▽

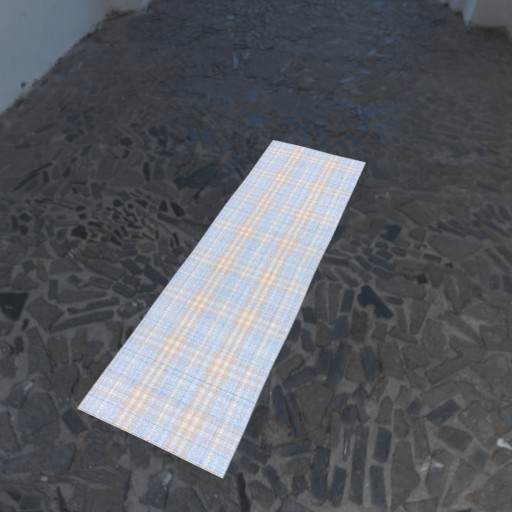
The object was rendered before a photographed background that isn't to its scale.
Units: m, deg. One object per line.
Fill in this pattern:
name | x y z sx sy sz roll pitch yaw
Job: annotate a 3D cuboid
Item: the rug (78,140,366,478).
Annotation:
rug | 0.000 0.000 2.727 0.762 0.013 2.439 18 50 16
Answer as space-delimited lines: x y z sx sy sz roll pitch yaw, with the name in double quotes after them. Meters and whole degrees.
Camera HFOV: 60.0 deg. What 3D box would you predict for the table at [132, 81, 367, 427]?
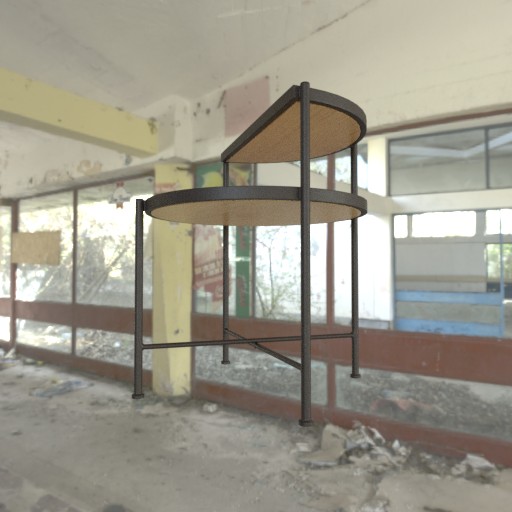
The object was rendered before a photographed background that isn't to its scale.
0.000 0.000 1.171 0.628 0.684 0.629 1 -2 -19 "table"
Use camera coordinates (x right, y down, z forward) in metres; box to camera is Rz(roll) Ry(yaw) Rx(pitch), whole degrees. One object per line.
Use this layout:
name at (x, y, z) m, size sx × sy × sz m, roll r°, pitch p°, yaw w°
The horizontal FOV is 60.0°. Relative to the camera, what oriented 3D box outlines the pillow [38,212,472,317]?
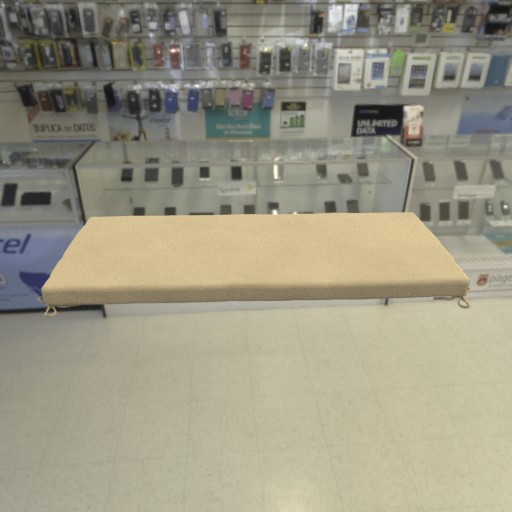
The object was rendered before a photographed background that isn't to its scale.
pillow at (0.000, 0.000, 1.359) m, size 1.187 × 0.081 × 0.492 m, roll -1°, pitch 30°, yaw -2°
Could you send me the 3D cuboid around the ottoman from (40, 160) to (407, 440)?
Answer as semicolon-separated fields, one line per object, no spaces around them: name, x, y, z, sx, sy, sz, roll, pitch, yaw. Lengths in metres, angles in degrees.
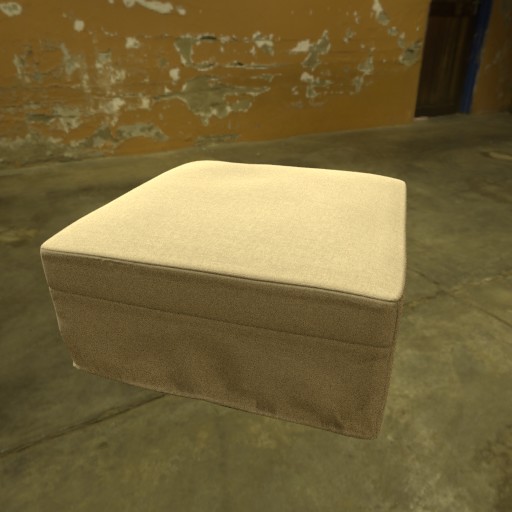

△

TO DO.
The copy should hold exactly the lines from the line containing "Job: annotate a 3D cuboid" through the last line of the records, both included, and no pictures or other lines.

SOLVED PROBLEM.
Job: annotate a 3D cuboid
Item: the rug (78,140,366,478).
Annotation:
rug | 0.000 0.000 2.727 0.762 0.013 2.439 18 50 16
Answer as space-delimited lines: x y z sx sy sz roll pitch yaw, with the name in double quotes after them. Meters and whole degrees.
Camera HFOV: 60.0 deg. What 3D box would you predict for the table at [132, 81, 367, 427]?
The object was rendered before a photographed background that isn't to its scale.
0.000 0.000 1.171 0.628 0.684 0.629 1 -2 -19 "table"
Use camera coordinates (x right, y down, z forward) in metres; box to camera is Rz(roll) Ry(yaw) Rx(pitch), whole degrees. One object per line.
Use this layout:
name at (x, y, z) m, size sx × sy × sz m, roll r°, pitch p°, yaw w°
The horizontal FOV is 60.0°. Relative to the camera, what oriented 3D box outlines the pillow [38,212,472,317]?
The object was rendered before a photographed background that isn't to its scale.
pillow at (0.000, 0.000, 1.359) m, size 1.187 × 0.081 × 0.492 m, roll -1°, pitch 30°, yaw -2°
Could you send me the 3D cuboid around the ottoman from (40, 160) to (407, 440)?
Answer as semicolon-separated fields, one line per object, no spaces around them: name, x, y, z, sx, sy, sz, roll, pitch, yaw. Lengths in metres, angles in degrees.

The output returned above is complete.